What is expected:
Show all the lines in the data below that include the word "name".

[Dataset excerpts]
========================
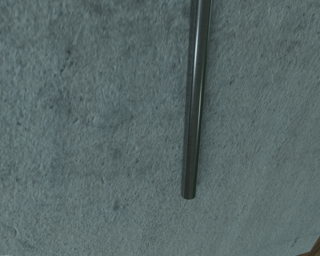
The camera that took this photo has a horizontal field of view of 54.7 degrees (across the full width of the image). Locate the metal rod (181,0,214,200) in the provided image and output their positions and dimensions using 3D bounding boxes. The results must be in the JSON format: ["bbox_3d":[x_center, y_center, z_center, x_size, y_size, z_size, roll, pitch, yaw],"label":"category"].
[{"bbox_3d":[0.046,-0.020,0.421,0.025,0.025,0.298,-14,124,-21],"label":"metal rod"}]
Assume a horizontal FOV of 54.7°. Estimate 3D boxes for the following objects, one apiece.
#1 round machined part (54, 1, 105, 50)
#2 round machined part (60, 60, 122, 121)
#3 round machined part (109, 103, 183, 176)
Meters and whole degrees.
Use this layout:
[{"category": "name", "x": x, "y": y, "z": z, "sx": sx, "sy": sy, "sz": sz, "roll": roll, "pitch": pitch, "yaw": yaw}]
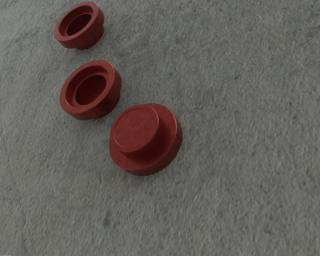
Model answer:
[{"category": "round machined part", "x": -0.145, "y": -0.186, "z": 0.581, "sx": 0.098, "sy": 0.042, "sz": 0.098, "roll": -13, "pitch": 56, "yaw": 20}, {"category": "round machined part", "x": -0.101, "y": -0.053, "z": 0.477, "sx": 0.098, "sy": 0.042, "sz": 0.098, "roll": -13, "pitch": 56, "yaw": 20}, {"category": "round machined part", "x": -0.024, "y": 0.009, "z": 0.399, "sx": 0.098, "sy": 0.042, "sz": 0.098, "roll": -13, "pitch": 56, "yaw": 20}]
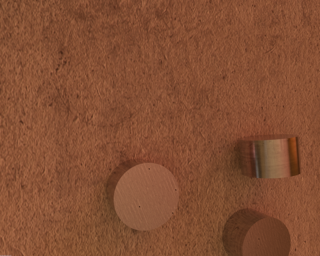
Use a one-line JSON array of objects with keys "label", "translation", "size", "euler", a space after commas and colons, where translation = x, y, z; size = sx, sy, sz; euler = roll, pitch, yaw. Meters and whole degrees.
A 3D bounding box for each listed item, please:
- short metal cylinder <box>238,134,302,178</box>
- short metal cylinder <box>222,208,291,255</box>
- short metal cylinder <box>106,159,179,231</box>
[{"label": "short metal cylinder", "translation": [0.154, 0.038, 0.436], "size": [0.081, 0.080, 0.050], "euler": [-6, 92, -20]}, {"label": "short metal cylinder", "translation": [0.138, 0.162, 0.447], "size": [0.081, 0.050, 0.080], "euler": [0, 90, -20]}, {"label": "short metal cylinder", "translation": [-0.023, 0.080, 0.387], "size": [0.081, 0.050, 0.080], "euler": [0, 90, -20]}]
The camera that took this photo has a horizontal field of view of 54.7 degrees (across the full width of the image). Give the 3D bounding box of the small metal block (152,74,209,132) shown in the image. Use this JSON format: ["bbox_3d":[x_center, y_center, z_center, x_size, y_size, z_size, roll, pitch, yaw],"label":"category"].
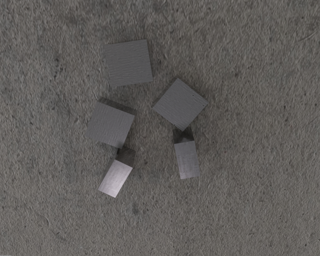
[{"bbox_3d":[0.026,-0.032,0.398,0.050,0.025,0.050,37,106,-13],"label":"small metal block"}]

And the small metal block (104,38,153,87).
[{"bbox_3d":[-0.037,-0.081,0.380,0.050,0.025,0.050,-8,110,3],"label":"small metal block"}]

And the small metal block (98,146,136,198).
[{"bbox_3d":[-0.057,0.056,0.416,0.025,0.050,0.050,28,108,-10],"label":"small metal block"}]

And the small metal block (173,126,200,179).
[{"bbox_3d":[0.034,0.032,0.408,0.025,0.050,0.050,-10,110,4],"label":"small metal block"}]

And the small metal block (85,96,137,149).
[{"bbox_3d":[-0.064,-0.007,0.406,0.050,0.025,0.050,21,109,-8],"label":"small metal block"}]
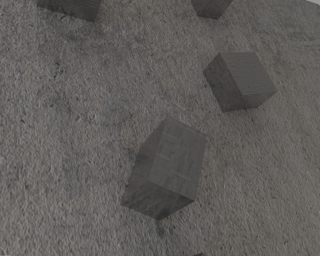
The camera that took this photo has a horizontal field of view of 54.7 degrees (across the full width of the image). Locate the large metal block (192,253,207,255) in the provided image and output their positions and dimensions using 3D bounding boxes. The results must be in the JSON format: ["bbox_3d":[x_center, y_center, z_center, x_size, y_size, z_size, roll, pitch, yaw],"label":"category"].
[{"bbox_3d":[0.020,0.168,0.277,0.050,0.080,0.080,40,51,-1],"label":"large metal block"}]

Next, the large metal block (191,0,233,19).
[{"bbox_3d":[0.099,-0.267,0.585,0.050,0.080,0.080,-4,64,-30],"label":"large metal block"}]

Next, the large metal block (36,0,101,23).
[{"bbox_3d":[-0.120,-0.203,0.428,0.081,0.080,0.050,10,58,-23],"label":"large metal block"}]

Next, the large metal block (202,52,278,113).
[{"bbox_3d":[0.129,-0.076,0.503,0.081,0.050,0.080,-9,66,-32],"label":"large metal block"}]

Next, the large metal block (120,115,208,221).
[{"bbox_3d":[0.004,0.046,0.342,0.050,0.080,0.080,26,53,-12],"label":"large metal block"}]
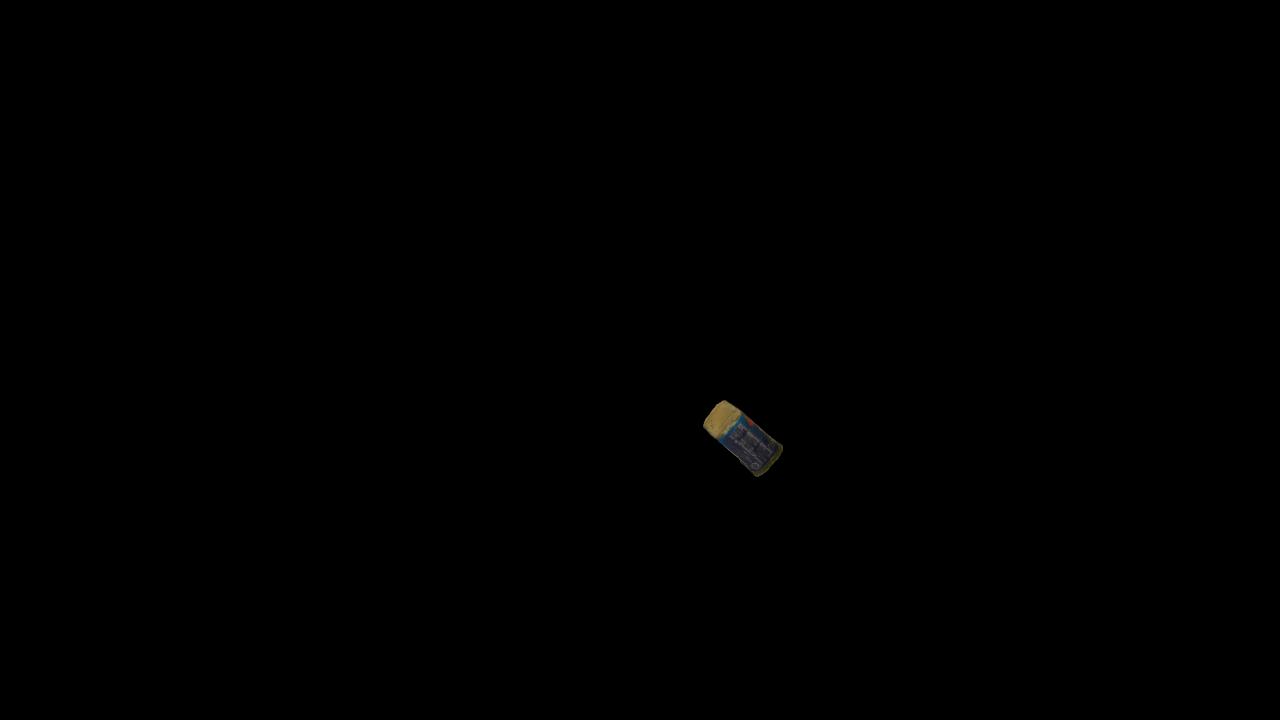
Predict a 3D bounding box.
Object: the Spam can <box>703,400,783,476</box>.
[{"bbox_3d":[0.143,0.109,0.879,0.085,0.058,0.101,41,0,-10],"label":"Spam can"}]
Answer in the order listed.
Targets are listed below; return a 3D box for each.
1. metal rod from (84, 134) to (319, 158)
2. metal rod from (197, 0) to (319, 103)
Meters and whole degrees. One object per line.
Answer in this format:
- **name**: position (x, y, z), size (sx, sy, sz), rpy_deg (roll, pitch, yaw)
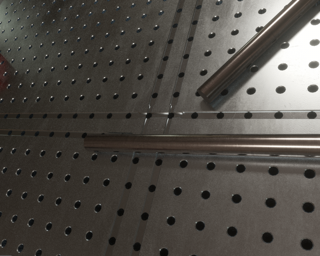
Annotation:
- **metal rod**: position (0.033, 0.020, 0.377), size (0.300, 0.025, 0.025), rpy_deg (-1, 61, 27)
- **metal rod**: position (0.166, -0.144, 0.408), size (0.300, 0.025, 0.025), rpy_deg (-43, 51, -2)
========================
Solution to this exercise:
[{"category": "name", "x": x, "y": y, "z": z, "sx": sx, "sy": sy, "sz": sz, "roll": roll, "pitch": pitch, "yaw": yaw}]
- **name**: position (x, y, z), size (sx, sy, sz), rpy_deg (roll, pitch, yaw)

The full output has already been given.